174 years ago, “V.B. Palmer’s” opened its doors in Philadelphia as the nation’s first advertising agency. Founder Volney Palmer pioneered the notion of a business acting as
an agent between advertisers and media companies by representing, organizing, and procuring ad placements.
Back then the media landscape was simple—singularly comprised of
about two thousand newspapers. With its expertise in the space, V.B. Palmler’s quickly became a one-stop shop for advertisers looking to promote their goods and services in the most efficient
way possible. And Volney Palmer’s advertising agency continued to grow and expand as a result.
We all know how the next seventeen decades would play out. Creatively, agencies formalized
the roles of art director and copywriter and held on to that model beyond the print dominated world. As more and different kinds of media entered the landscape, the advertising agencies that
couldn’t evolve their capabilities fast enough were relegated the “traditional” label while nimble specialty shops continued to pop up and gain foothold.
Big brands
suddenly found themselves with a seemingly endless roster of agencies by media type—and also a massive headache. Any given brand could have a traditional agency, media agency, digital agency,
social media agency, mobile agency, CRM agency, experiential agency…and the list goes on. While clients expect their agencies to partner well together, their inherent (and growing) overlap
creates a culture of competition and passive aggressiveness that constantly brews below the surface.
Simply put, a channel-driven agency roster doesn’t work anymore as it leads to
fragmented customer experiences. Today, media is all mashed up and the content that people consume no longer fits into clean “buckets.” The irony is that the very tech-driven revolution
that caused this agency fragmentation in the first place is quickly leading the media landscape back towards a singularity—back towards one media: The connected screen.
We spend
most of our waking hours with the connected screen: Smartwatches, smartphones, phablets, tablets, laptops, and smart TVs. Like the paper in newspapers, the connected screen is the delivery
medium for content and experiences in all sorts of formats. But unlike newspapers (from where the advertising art director and copywriter roles were born), the connected screen makes it easier
than ever for people to avoid messages they don’t want while instantly showing others how they feel.
At a time when consumers can’t wait to press the skip ad button
and where ad blocking is one of the hottest topics in our industry, consumers will direct their attention only to what’s most useful or entertaining to them—at any given moment.
Advertising today is less about adjacency and far more about just being “the thing”—a mix of interactive storytelling (through content) and utility (through technology).

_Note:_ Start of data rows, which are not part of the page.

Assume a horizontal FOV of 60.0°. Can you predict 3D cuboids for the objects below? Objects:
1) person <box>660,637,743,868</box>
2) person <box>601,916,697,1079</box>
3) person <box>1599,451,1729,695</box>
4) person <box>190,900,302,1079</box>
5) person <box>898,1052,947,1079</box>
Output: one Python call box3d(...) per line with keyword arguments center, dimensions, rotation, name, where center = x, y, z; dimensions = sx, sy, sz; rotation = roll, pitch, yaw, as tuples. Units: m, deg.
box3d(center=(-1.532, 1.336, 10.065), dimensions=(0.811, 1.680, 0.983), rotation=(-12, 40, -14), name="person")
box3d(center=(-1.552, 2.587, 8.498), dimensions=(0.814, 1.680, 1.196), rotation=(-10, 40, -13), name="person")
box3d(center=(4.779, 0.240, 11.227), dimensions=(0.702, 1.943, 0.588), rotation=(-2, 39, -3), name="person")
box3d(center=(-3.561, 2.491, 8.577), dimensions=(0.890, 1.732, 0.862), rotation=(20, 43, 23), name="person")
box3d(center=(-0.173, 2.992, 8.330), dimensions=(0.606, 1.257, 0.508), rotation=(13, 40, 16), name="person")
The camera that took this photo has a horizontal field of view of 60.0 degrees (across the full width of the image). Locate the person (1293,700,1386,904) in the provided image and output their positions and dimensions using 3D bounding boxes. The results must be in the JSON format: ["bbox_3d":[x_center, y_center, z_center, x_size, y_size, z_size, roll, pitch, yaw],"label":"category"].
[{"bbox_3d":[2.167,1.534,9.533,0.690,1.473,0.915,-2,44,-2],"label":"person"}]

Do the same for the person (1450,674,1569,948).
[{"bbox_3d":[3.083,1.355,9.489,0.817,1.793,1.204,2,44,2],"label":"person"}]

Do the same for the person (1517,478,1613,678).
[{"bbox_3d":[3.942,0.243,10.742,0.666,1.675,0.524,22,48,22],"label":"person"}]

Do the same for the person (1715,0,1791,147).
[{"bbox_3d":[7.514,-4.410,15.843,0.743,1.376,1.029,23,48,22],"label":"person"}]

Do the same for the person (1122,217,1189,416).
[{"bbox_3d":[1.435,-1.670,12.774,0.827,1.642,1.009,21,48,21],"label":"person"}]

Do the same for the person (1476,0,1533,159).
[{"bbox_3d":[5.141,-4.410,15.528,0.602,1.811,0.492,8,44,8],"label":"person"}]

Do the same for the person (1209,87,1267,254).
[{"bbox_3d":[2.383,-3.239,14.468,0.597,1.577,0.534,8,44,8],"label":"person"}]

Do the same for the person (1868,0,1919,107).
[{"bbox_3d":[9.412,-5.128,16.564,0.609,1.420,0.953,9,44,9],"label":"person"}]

In the connected screen era, art and copy must yield to customer experience and utility—And agencies must re-organize themselves to fulfill consumer needs. As this happens, the days of agency
specialization will give way to a kind of homogenization reminiscent of decades past. Brands’ agency rosters will increasingly get shorter as it’s becoming unmanageable to relegate a given
agency to their assigned “swim lane.”
It’s why ad agencies, PR agencies, and digital agencies are all starting to look and sound the same. It’s why these same
agencies are suddenly finding themselves competing against companies (like management consulting firms) that have never been viewed as material competitors. And it’s also why brands’ own
in-house capabilities are progressively a threat as the trend of insourcing content creation persists. They’re all trying to evolve their capabilities in content and immersive
experiences—and it’s fueling the already existing tension on brands’ agency rosters.
In 1841, Volney Palmer never considered his company a newspaper agency. It was an
advertising agency that made the most out of the one media that just happened to exist at that time. We’re now at a time when traditional, digital, mobile, and social all mean the same thing.
The agencies that will emerge on top will be the ones that let go of their advertising pasts and organize and execute around fulfilling needs for consumers along their journey with
brands—knowing all the way that the connected screen is the one media at the center of…everything.